In Lenox the joint debtors each claimed a $90,000 homestead exemption in their common residence pursuant to § 21.090. See id. at 105. The court sustained an objection to the debtors' dual exemptions, on the grounds that § 21.020 clearly allows only one homestead for joint debtors. See id. at 106.
This case differs from Lenox in that the joint debtors here are claiming homesteads in two different residences. However, the rationale of Lenox applies. *14 As the court in Lenox held, Nevada state law allows joint debtors to claim only one homestead exemption.
Furthermore, this interpretation of the Nevada statute is supported by the statute itself.
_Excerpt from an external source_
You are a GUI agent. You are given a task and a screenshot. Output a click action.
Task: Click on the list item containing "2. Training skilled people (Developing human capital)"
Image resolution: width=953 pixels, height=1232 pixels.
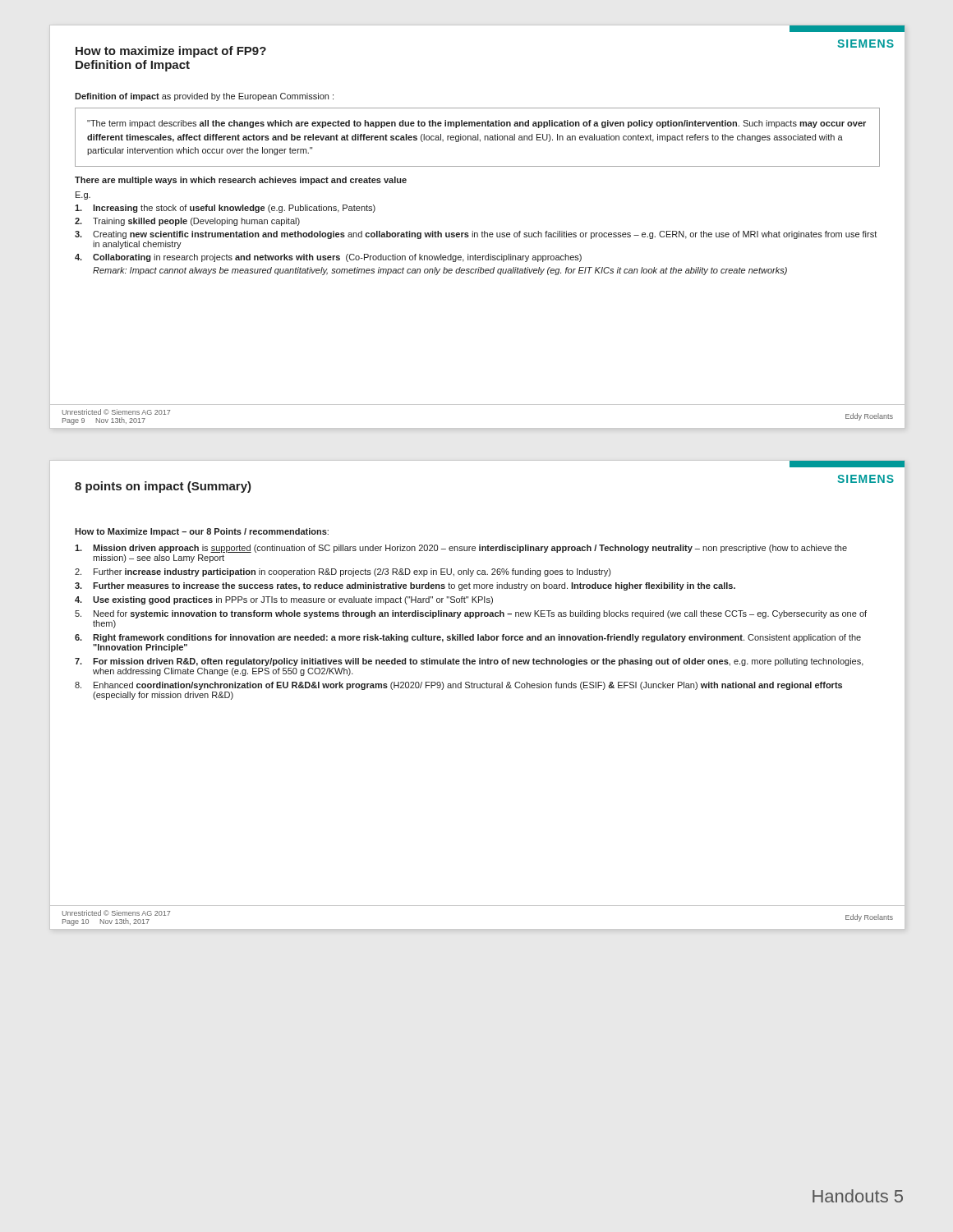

Section 21.090 provides:
1. The following property is exempt from execution . . .
(m) The dwelling of the judgment debtor occupied as a home for himself and family, where the amount of equity held by the judgment debtor in the home does not exceed $125,000 in value. . . .
This statute provides only one homestead exemption for a married couple: like the Nevada court in Lenox, we read this language to exclude more than one homestead for a single family. See Lenox, 58 B.R. at 106. The Rowes here chose to claim their exemption in the Avenue C property, and thus cannot claim a homestead exemption in any other property.
It makes no difference that, combined, the two exemptions the Rowes would claim do not exceed the $125,000 allowed by Nevada state law. The Nevada state legislature did not provide for more than one homestead exemption per married couple.
It also makes no difference that the Rowes divorced after filing their joint petition. The nature and extent of exemptions is determined as of the date the petition is filed. See Harris v. Herman (In re Herman), 120 B.R. 127, 130 (9th Cir. BAP 1990). Here, when the Rowes filed their joint petition, they were married. Thus they are limited to one homestead exemption.
Finally, we give no weight to the suggestion that our holding will serve as an inducement to divorce before filing a bankruptcy petition in order to claim two homestead exemptions. We agree with Lenox court that this argument "goes to the wisdom of the statute, and is more appropriately addressed to the state legislature." Lenox, 58 B.R. at 106.
Similarly, we give no weight to the claim made in oral argument that this interpretation penalizes the debtors for being married. There are many laws that give advantages to unmarried couples who are living together. For example, federal income tax law (as well as most state income tax laws) provides a single standard deduction for a married couple, but a separate standard deduction for each person who is unmarried. See 26 U.S.C. § 63 (West Supp.1999). On the other side, there are many laws that provide benefits to married couples that their unmarried counterparts do not enjoy. The balancing of these various legal benefits is again most appropriately addressed to the legislature.
VI. CONCLUSION
Because the Rowes claimed a homestead exemption in the Avenue C property, Donald Rowe may not now claim a homestead exemption in the North McGill property. Therefore, we affirm the bankruptcy court's order sustaining Trustee's objection to the claimed exemption in the North McGill property.
NOTES
[1] Hon. Samuel L. Bufford, Bankruptcy Judge for the Central District of California, sitting by designation.
[2] Donald Rowe did, however, list the North McGill property as his street address on the cover sheet of the petition.
[3] It is questionable whether Donald Rowe may claim a homestead exemption when he failed to schedule the North McGill property, and the trustee was required to bring an adversary proceeding to recover the property for the Estate. However, because the parties have not made this an issue on appeal we do not address the issue.
[4] Section 21.090 has been amended effective July 1, 1998. This case is governed by the pre-amended version because and Debtors filed their bankruptcy petition on January 16, 1997.